Первым был родной для Бурякова замок издательства “Замок” — людские волны разбивались об него, как об утес, грозно вырастающий на их пути. Вторым — конкурентное сооружение издательства “Кряква”. В этом году оно и впрямь представляло собой титаническую утку: как бы готовясь взлететь, огромная фанерно-пластиковая птица полурасправляла крылья — именно под ними теснились витрины и прилавки продажной части, — тянула голову и раскрывала клюв, словно намереваясь на самом деле оглушительно крякнуть, подтвердив тем самым свое громкое название. Клюв производил, однако, впечатление чего-то хищного, будто принадлежал не утке, а орлу или даже грифу. Этот сомнительный эффект, несомненно, являлся результатом дизайнерской ошибки.
Отсюда было хорошо видно, что у Элины Златокудровой дело идет полным ходом — длинный хвост ценителей многократно завивался вокруг павильона. Продажи росли, и, по идее, это должно было вдохновлять Бурякова, но сейчас все, буквально все вокруг раздражало, и он, случайно кинув взгляд в ту сторону и скривившись, поскорее отвернулся…
Да и вообще, как раз в последние дни на горизонте замаячили сложности, связанные с продолжением проекта: ныне Элина Златокудрова представляла двадцать вторую книгу, двадцать третья была в работе, а вот рукопись двадцать четвертой Кривитько необъяснимо задерживал. Почему? На прошлой неделе Буряков ему звонил — никого. Послал два e-mail’а — тишина.
Может быть, конечно, случайно. Но все-таки что-то подсказывало: не к добру.
Между тем совсем недавно Бурякова вызывал начальник департамента, чтобы заботливо выспросить, как там, дескать, дела: должным ли образом спорится у Кривитько работа, не стопорят ли ее никчемные мелочи, не нужно ли столь перспективному автору чем-нибудь помочь, — ведь не следует забывать, что это один из важнейших во всех отношениях проектов!..

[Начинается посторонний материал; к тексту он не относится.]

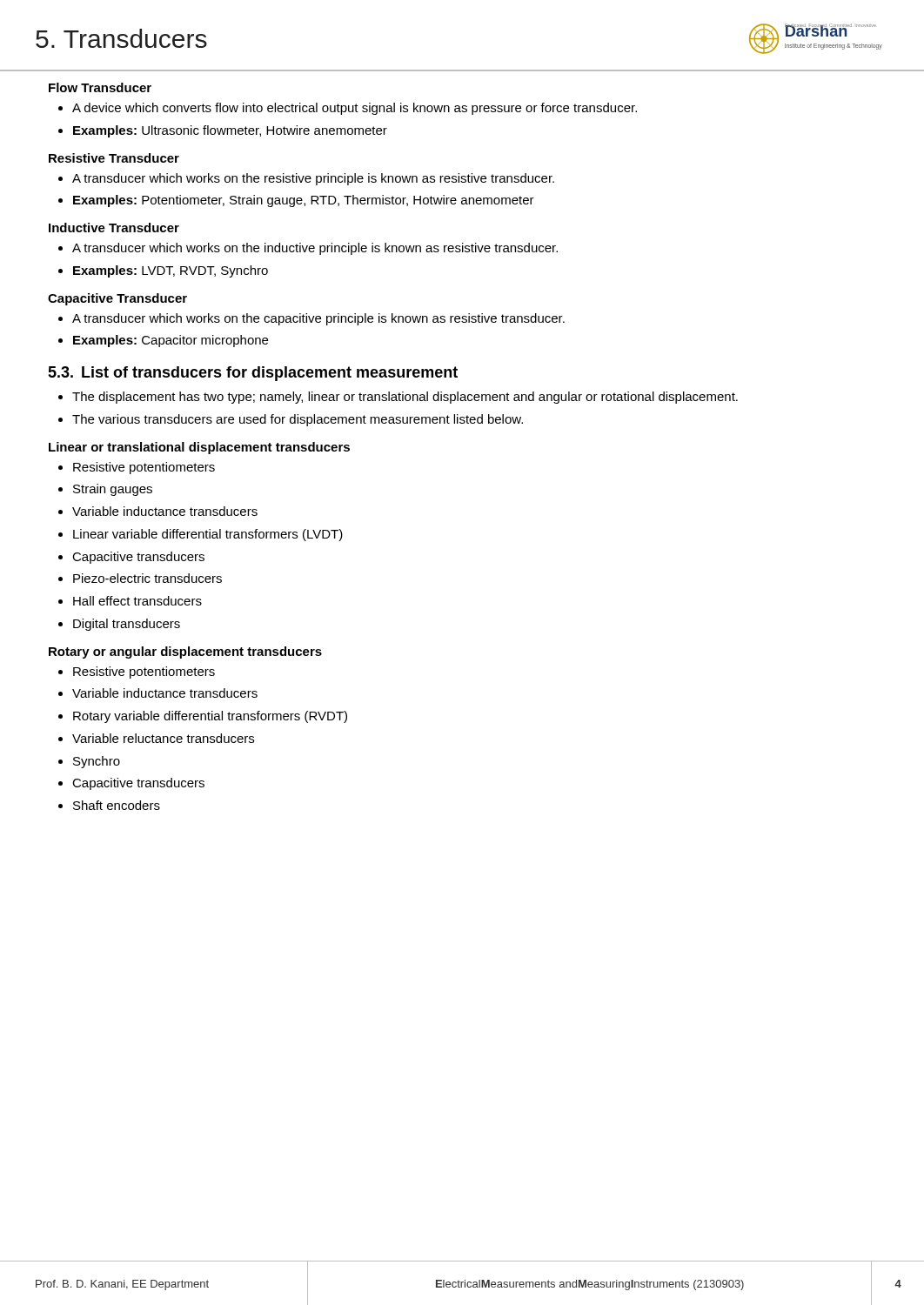Click where it says "Strain gauges"
This screenshot has height=1305, width=924.
pos(105,490)
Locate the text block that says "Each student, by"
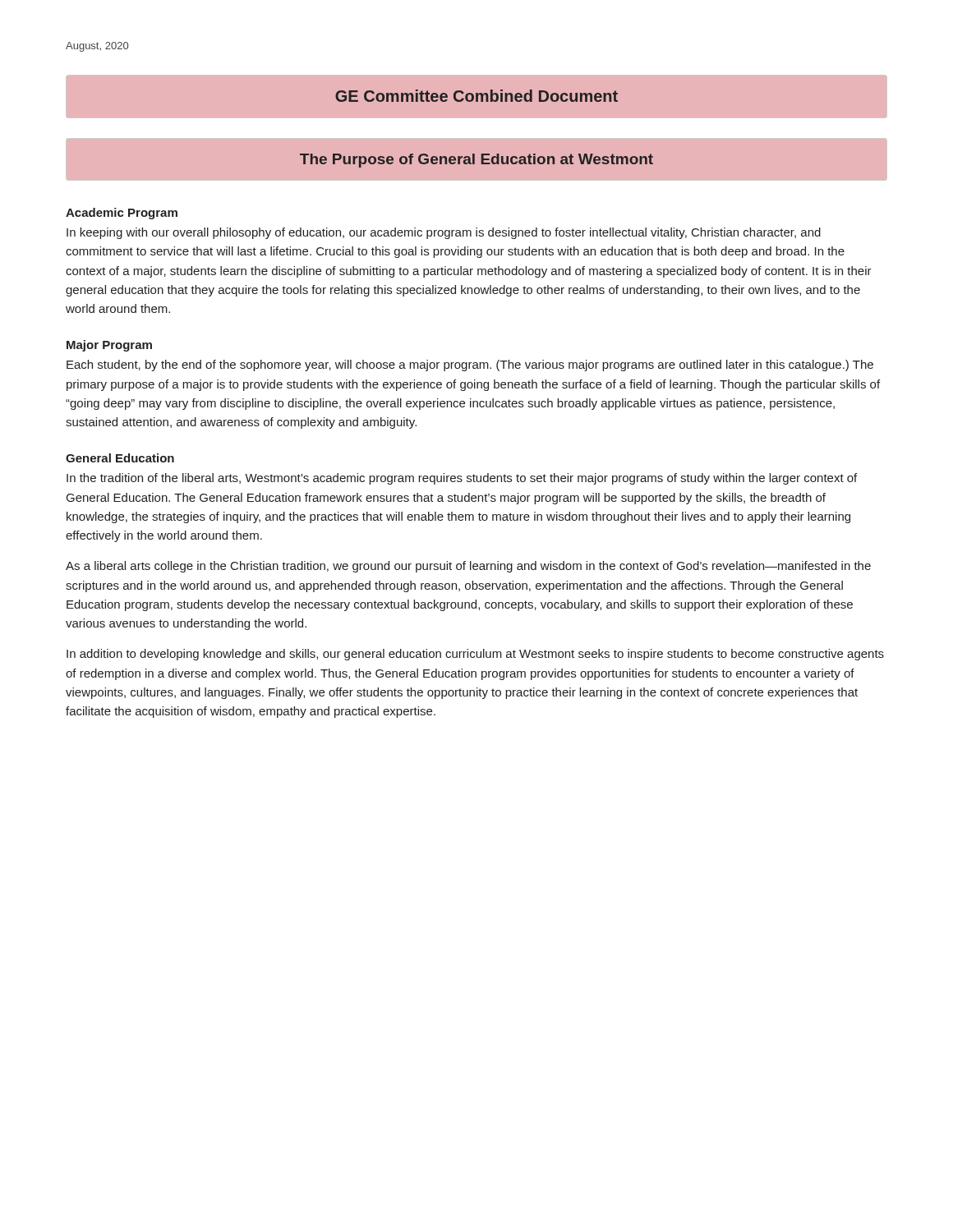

Буряков отвечал, что все идет как по маслу. Выбрано название двадцать четвертой книги, способное удовлетворить вкус самого взыскательного читателя: “FUCKУЛЬТЕТ ЛЮБВИ”. Сюжет обещает весьма успешные продажи. Как только рукопись будет представлена, за дело возьмутся художники, корректоры, техреды…
И вот на тебе: Кривитько, как на грех, провалился.
Если бы речь шла о ком другом, можно было бы предположить, что автор для вдумчивой работы удалился, так сказать, под сень струй. Колдует, короче говоря, над словом.
Однако в данном случае подобное предположение не могло вызвать у Бурякова ничего, кроме горькой усмешки.
Да, романы, публикуемые от имени прелестной, но не существующей в действительности Элины Златокудровой, создавались дерганым мужчиной невысокого роста, звавшимся в миру Геннадием Кривитько. Первый свой опус года четыре назад Кривитько напечатал за свой счет. За второй, после неожиданного успеха первого, издательство выплатило автору три тысячи долларов аванса. Про следующие гонорары Буряков уже ничего не знал: если сумма превышала хотя бы десятку зелени, это уже было не его собачье дело.
Испитая физиономия Кривитько чернела подглазьями, и только пугающая худоба мешала ему окончательно превратиться во взъерошенного филина. Однако внешность обманчива: его дела шли не так уж плохо. Когда-то он с треском и вонью подкатил к порогу издательства на драной “пятерке”. Потом пересел на мерседесовский джип. Теперь, скорее всего, на что-нибудь еще более крутое. И если прежде жил в хрущобе, то ныне вселился в монолитно-бетонный дом из модных…
Буряков вздохнул, допил кофе, поставил чашку и несколько секунд пристально глядел в ее донце. Кофе был хоть и турецкий, а все равно дерьмо: осадок плотный, как глина.
Писать Кривитько действительно умел — но только если понимать это слово в его самом первом, утилитарном смысле. Во всех остальных смыслах он не умел писать до такой степени, что любой, перед кем стояла бы задача довести его рукопись до уровня удобочитаемости, непременно впал бы в отчаяние. Он не был способен создать ни одного предложения, избавленного от грамматических, синтаксических и смысловых изъянов. Тем не менее, любил блеснуть оригинальностью: про все, предоставлявшее к тому хоть какие-то основания, смело говорил, что оно “размером с голову теленка”. Питал также слабость к экзотическому обороту “по мгновению палочки” — кое-где оно встречалось раза по три на странице. Часто использовал странное, непременно заставлявшее вспомнить летние трели кузнечиков словечко “коленостоп”. Как-то раз Буряков прочел: “Она любила стихов Лермантого”.
Рукописи были нетолстые (для печати приходилось разгонять инвалидски крупным кеглем, чтобы хоть как-то замаскировать их брошюрную сущность), но все равно работать с ними было чистое мучение.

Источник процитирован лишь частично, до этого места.